-- Records shown follows --

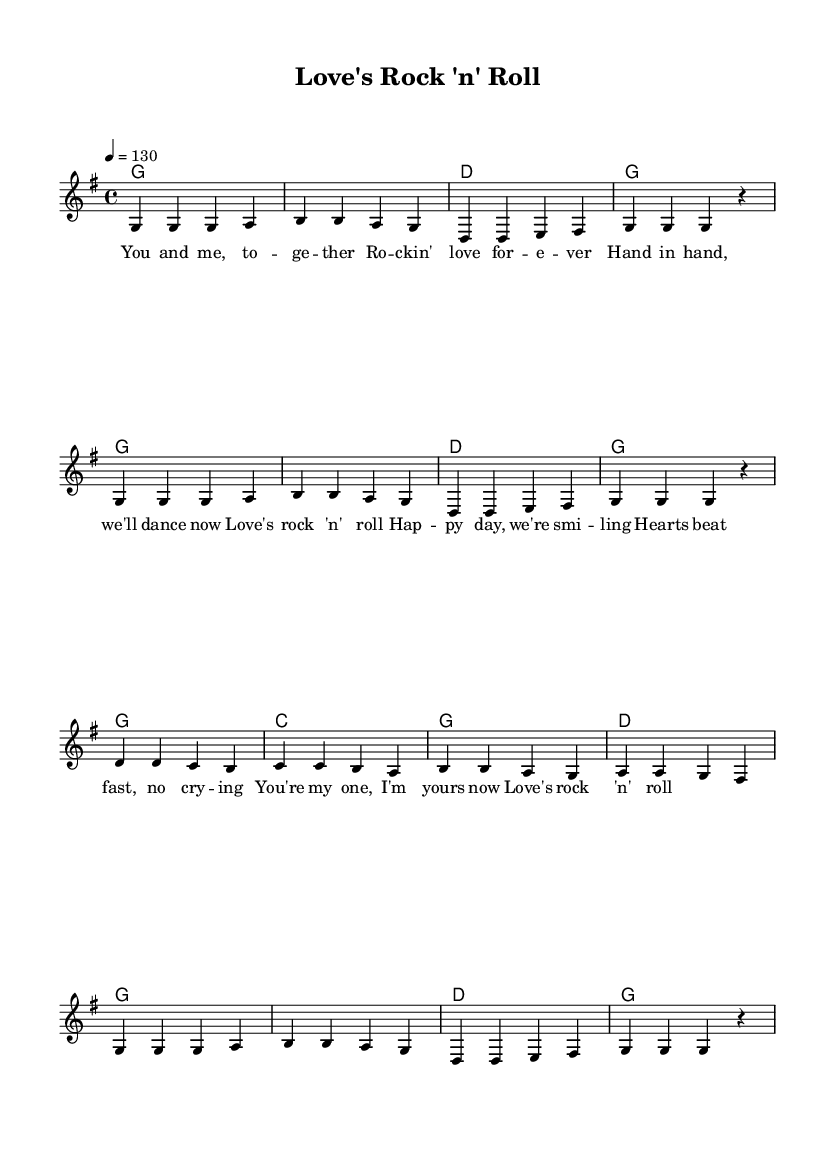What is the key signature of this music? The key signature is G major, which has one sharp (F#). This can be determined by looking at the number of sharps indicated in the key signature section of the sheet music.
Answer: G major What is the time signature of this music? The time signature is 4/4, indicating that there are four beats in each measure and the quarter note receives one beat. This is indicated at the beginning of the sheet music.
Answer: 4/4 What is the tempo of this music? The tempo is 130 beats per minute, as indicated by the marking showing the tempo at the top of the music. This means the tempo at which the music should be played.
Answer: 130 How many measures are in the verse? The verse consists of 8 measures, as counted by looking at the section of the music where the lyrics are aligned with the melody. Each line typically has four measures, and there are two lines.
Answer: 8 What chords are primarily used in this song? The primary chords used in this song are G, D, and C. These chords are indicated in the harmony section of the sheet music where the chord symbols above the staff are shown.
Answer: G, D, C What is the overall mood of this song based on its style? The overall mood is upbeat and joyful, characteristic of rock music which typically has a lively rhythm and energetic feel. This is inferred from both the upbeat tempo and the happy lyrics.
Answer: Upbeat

-- Records shown concluded --

▸ Aim of the exercise:
Give only the number of lines in the entries above that hold the string "lyrics".

▸ Exercise response:
2